What a day, quality movements with a 29 Squadron Typhoon a Usaf MC-130H a warton based GR4 and last but not least the 2x ship of Eagles :mrgreen:

Hope you like the shots!

1. Sapper flight made my day!



USAF F-15E Strike Eagle by lloydh.co.uk, on Flickr

2.



Reworked F-15E Strike Eagle by lloydh.co.uk, on Flickr

3.



F-15E Strike Eagle by lloydh.co.uk, on Flickr

4.



F-15E Strike Eagle by lloydh.co.uk, on Flickr

5.



F-15E Strike Eagle by lloydh.co.uk, on Flickr

6.



F-15E Strike Eagle by lloydh.co.uk, on Flickr

7. 2 excellent passes from the MC-130H



MC-130H by lloydh.co.uk, on Flickr

8.



MC-130H by lloydh.co.uk, on Flickr

9.



MC-130 by lloydh.co.uk, on Flickr

10. Those boys and girls from warton sure know how to fly



Warton Tornado GR4 by lloydh.co.uk, on Flickr

11.



Warton GR4 by lloydh.co.uk, on Flickr

12.



29 Squadron Eurofighter Typhoon by lloydh.co.uk, on Flickr

13.



Eurofighter Typhoon by lloydh.co.uk, on Flickr

All were shot with a Nikon D300s and a Nikkor 300mm F/4

Thank's for looking, C+C welcome :thumbup:


----------



## joealcantar (May 27, 2011)

Great series, very nicely done. 
-
Thanks for sharing, Joe


----------



## altitude604 (May 27, 2011)

fantastic!

love the shots of the Lakenheath F-15Es!


----------



## lloydh (May 27, 2011)

Thank's for the kind words!


----------



## Saravin (May 30, 2011)

Awesome !!


----------



## Scarecrow (May 31, 2011)

Beautiful!!!!!!!!! what did you use lens shutter speed cmon man being on a Aircraft carrier I want shots like this during my summer cruise.

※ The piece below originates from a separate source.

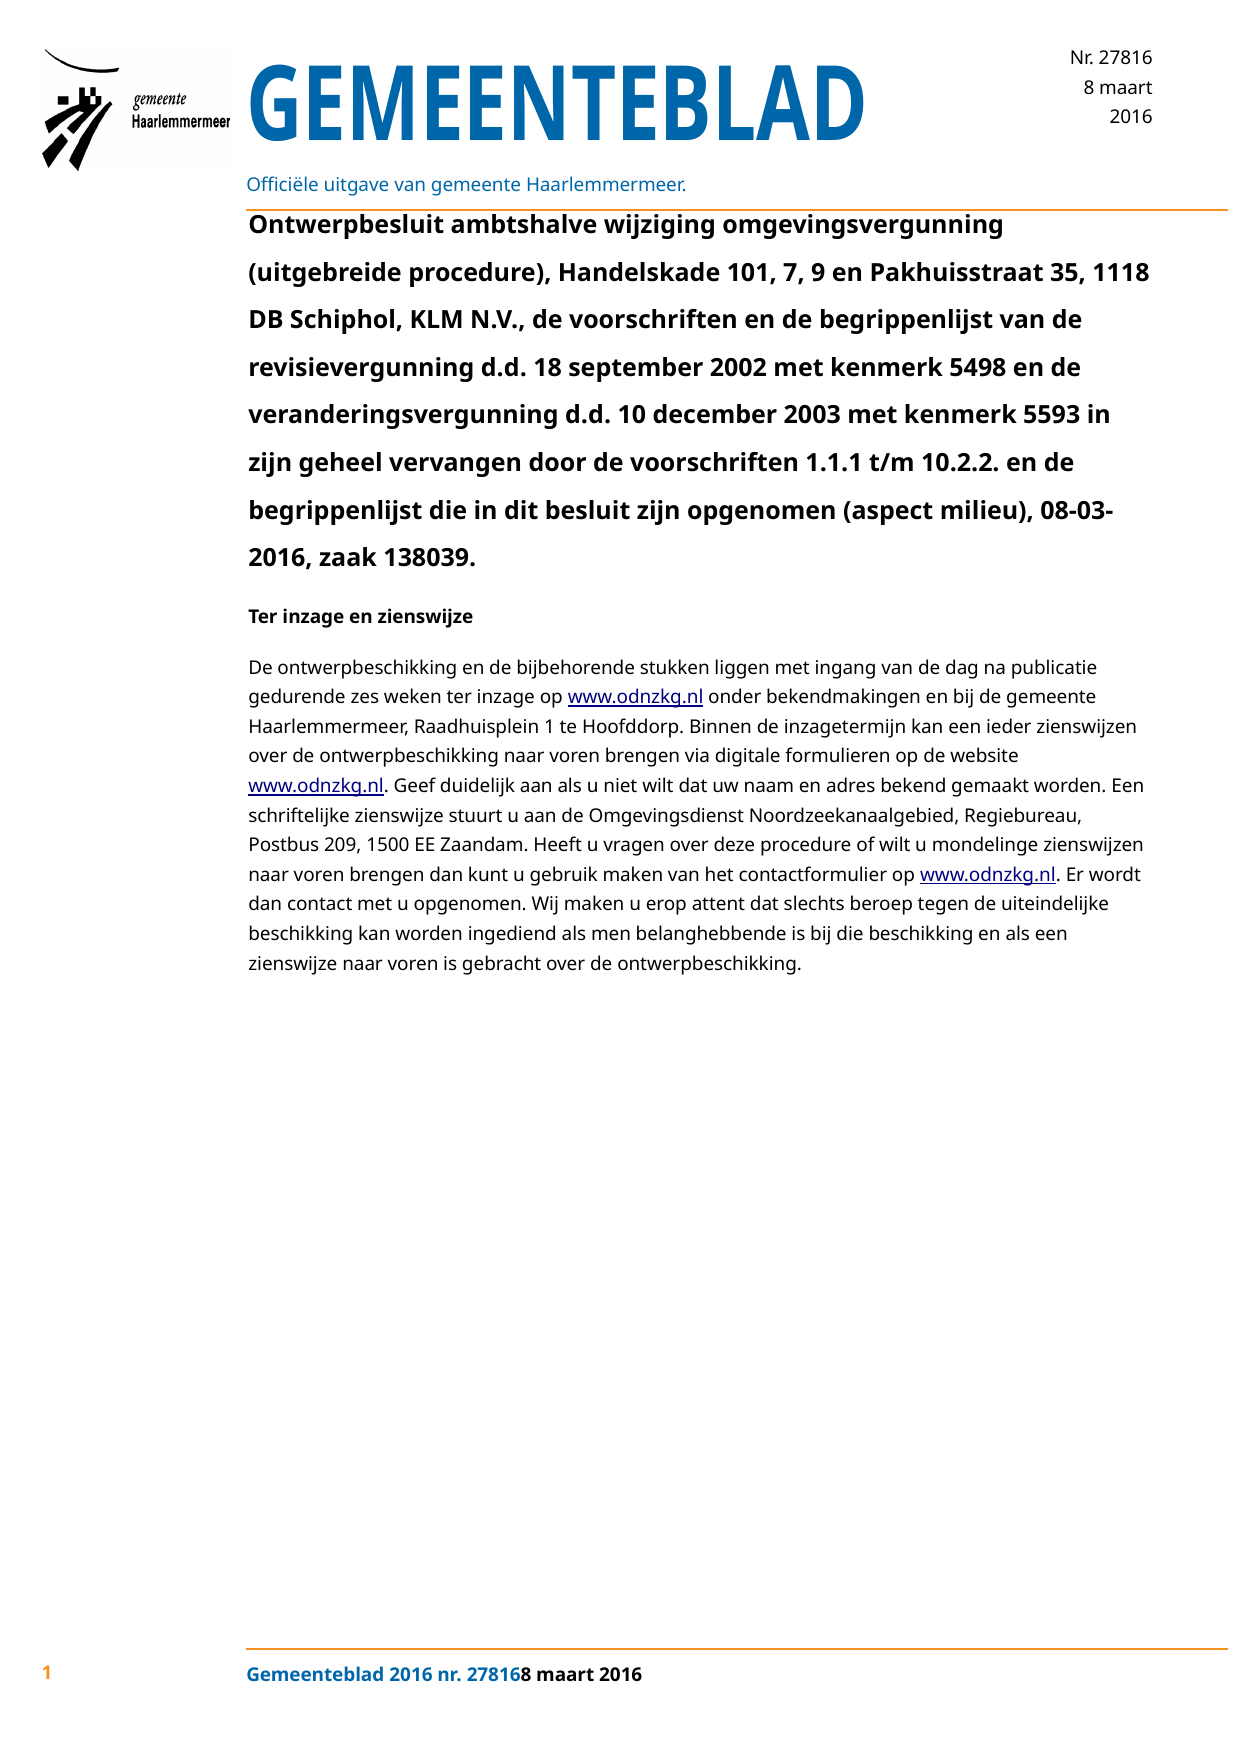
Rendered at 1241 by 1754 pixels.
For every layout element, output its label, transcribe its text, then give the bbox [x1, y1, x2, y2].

Would a 300mm L f4 get em?


----------



## lloydh (Jun 1, 2011)

I used a Nikon D300s with a Nikkor 300mm F/4


----------



## spacefuzz (Jun 1, 2011)

sweet shots!


----------



## Kiwi_gav (Jun 2, 2011)

Awesome pics!


----------



## DC73 (Jun 25, 2011)

Simply amazing....


----------



## josee (Jul 9, 2011)

Wow that's awesome. Is there anyway to get the first picture in high res? I love having jets set as my desktop background  Plus I'm in the USAF so I love jets either way lol.


----------



## lloydh (Jul 14, 2011)

josee said:


> Wow that's awesome. Is there anyway to get the first picture in high res? I love having jets set as my desktop background  Plus I'm in the USAF so I love jets either way lol.



Sorry I can't just give out Hi-res files, I have no control at what they are used for. Hope you understand


----------



## Art Photographers (Aug 3, 2011)

Just Incredible!!


----------